TRY IT
For this exercise, write out every entry exactly and leave the pictures out.

━━━ ENTRIES SHOWN ━━━

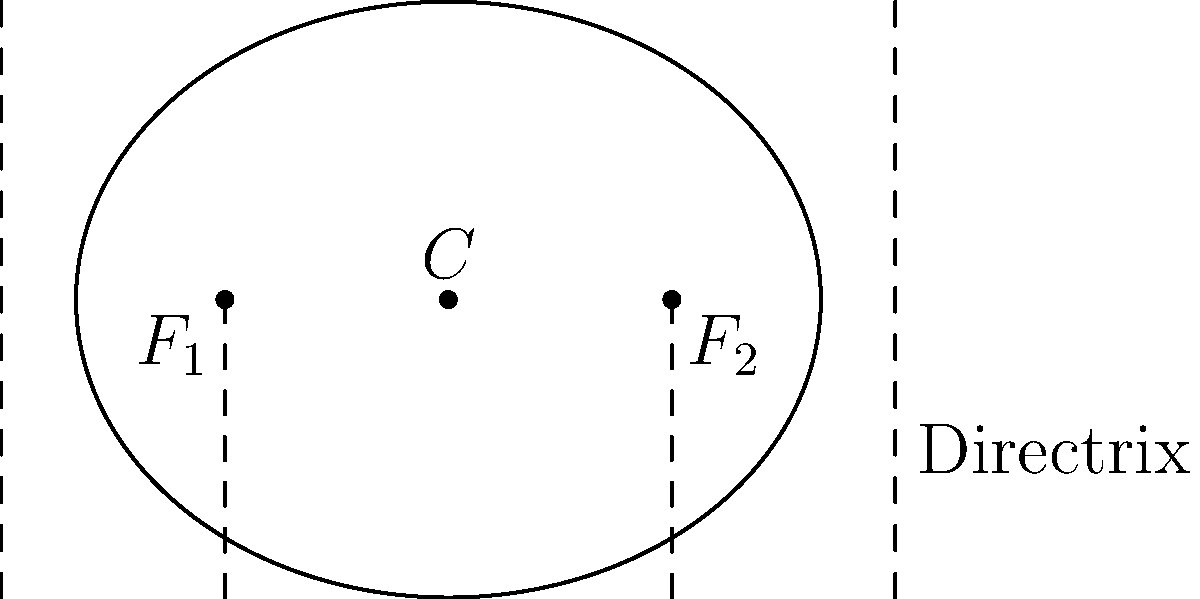In the ellipse shown, which represents the rhythm pattern of a traditional dance, the distance between the foci is 3 units, and the length of the major axis is 5 units. Find the equation of the directrix. Let's approach this step-by-step:

1) The center of the ellipse is at the origin (0,0).

2) Given:
   - Distance between foci = 3 units
   - Length of major axis = 5 units

3) Let's define our variables:
   - $a$: semi-major axis length
   - $c$: distance from center to focus
   - $e$: eccentricity

4) We can determine:
   $a = \frac{5}{2} = 2.5$ (half of the major axis length)
   $c = \frac{3}{2} = 1.5$ (half of the distance between foci)

5) Calculate eccentricity:
   $e = \frac{c}{a} = \frac{1.5}{2.5} = 0.6$

6) The equation of the directrix in an ellipse is given by:
   $x = \pm \frac{a}{e}$

7) Substituting our values:
   $x = \pm \frac{2.5}{0.6} = \pm \frac{25}{6} \approx \pm 4.17$

Therefore, the equations of the directrices are $x = \frac{25}{6}$ and $x = -\frac{25}{6}$.
Answer: $x = \pm \frac{25}{6}$ 
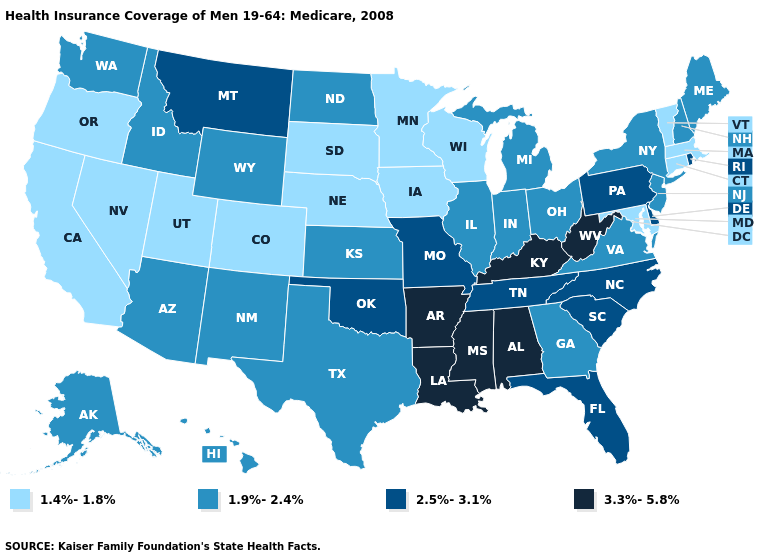Which states have the lowest value in the USA?
Quick response, please. California, Colorado, Connecticut, Iowa, Maryland, Massachusetts, Minnesota, Nebraska, Nevada, Oregon, South Dakota, Utah, Vermont, Wisconsin. Which states have the lowest value in the West?
Short answer required. California, Colorado, Nevada, Oregon, Utah. Does Colorado have the lowest value in the West?
Give a very brief answer. Yes. What is the value of Florida?
Quick response, please. 2.5%-3.1%. Name the states that have a value in the range 1.9%-2.4%?
Answer briefly. Alaska, Arizona, Georgia, Hawaii, Idaho, Illinois, Indiana, Kansas, Maine, Michigan, New Hampshire, New Jersey, New Mexico, New York, North Dakota, Ohio, Texas, Virginia, Washington, Wyoming. Does Idaho have the highest value in the USA?
Concise answer only. No. What is the lowest value in states that border Montana?
Answer briefly. 1.4%-1.8%. Does Hawaii have a higher value than Arkansas?
Write a very short answer. No. Name the states that have a value in the range 3.3%-5.8%?
Write a very short answer. Alabama, Arkansas, Kentucky, Louisiana, Mississippi, West Virginia. Does Maryland have the lowest value in the USA?
Give a very brief answer. Yes. What is the lowest value in the Northeast?
Concise answer only. 1.4%-1.8%. Does the map have missing data?
Short answer required. No. Name the states that have a value in the range 2.5%-3.1%?
Concise answer only. Delaware, Florida, Missouri, Montana, North Carolina, Oklahoma, Pennsylvania, Rhode Island, South Carolina, Tennessee. What is the value of Texas?
Answer briefly. 1.9%-2.4%. Does Pennsylvania have the highest value in the Northeast?
Keep it brief. Yes.

━━━

FINAL ANSWER
In the ellipse shown, which represents the rhythm pattern of a traditional dance, the distance between the foci is 3 units, and the length of the major axis is 5 units. Find the equation of the directrix. Let's approach this step-by-step:

1) The center of the ellipse is at the origin (0,0).

2) Given:
   - Distance between foci = 3 units
   - Length of major axis = 5 units

3) Let's define our variables:
   - $a$: semi-major axis length
   - $c$: distance from center to focus
   - $e$: eccentricity

4) We can determine:
   $a = \frac{5}{2} = 2.5$ (half of the major axis length)
   $c = \frac{3}{2} = 1.5$ (half of the distance between foci)

5) Calculate eccentricity:
   $e = \frac{c}{a} = \frac{1.5}{2.5} = 0.6$

6) The equation of the directrix in an ellipse is given by:
   $x = \pm \frac{a}{e}$

7) Substituting our values:
   $x = \pm \frac{2.5}{0.6} = \pm \frac{25}{6} \approx \pm 4.17$

Therefore, the equations of the directrices are $x = \frac{25}{6}$ and $x = -\frac{25}{6}$.
Answer: $x = \pm \frac{25}{6}$ 
Which states have the lowest value in the USA?
Quick response, please. California, Colorado, Connecticut, Iowa, Maryland, Massachusetts, Minnesota, Nebraska, Nevada, Oregon, South Dakota, Utah, Vermont, Wisconsin. Which states have the lowest value in the West?
Short answer required. California, Colorado, Nevada, Oregon, Utah. Does Colorado have the lowest value in the West?
Give a very brief answer. Yes. What is the value of Florida?
Quick response, please. 2.5%-3.1%. Name the states that have a value in the range 1.9%-2.4%?
Answer briefly. Alaska, Arizona, Georgia, Hawaii, Idaho, Illinois, Indiana, Kansas, Maine, Michigan, New Hampshire, New Jersey, New Mexico, New York, North Dakota, Ohio, Texas, Virginia, Washington, Wyoming. Does Idaho have the highest value in the USA?
Concise answer only. No. What is the lowest value in states that border Montana?
Answer briefly. 1.4%-1.8%. Does Hawaii have a higher value than Arkansas?
Write a very short answer. No. Name the states that have a value in the range 3.3%-5.8%?
Write a very short answer. Alabama, Arkansas, Kentucky, Louisiana, Mississippi, West Virginia. Does Maryland have the lowest value in the USA?
Give a very brief answer. Yes. What is the lowest value in the Northeast?
Concise answer only. 1.4%-1.8%. Does the map have missing data?
Short answer required. No. Name the states that have a value in the range 2.5%-3.1%?
Concise answer only. Delaware, Florida, Missouri, Montana, North Carolina, Oklahoma, Pennsylvania, Rhode Island, South Carolina, Tennessee. What is the value of Texas?
Answer briefly. 1.9%-2.4%. Does Pennsylvania have the highest value in the Northeast?
Keep it brief. Yes.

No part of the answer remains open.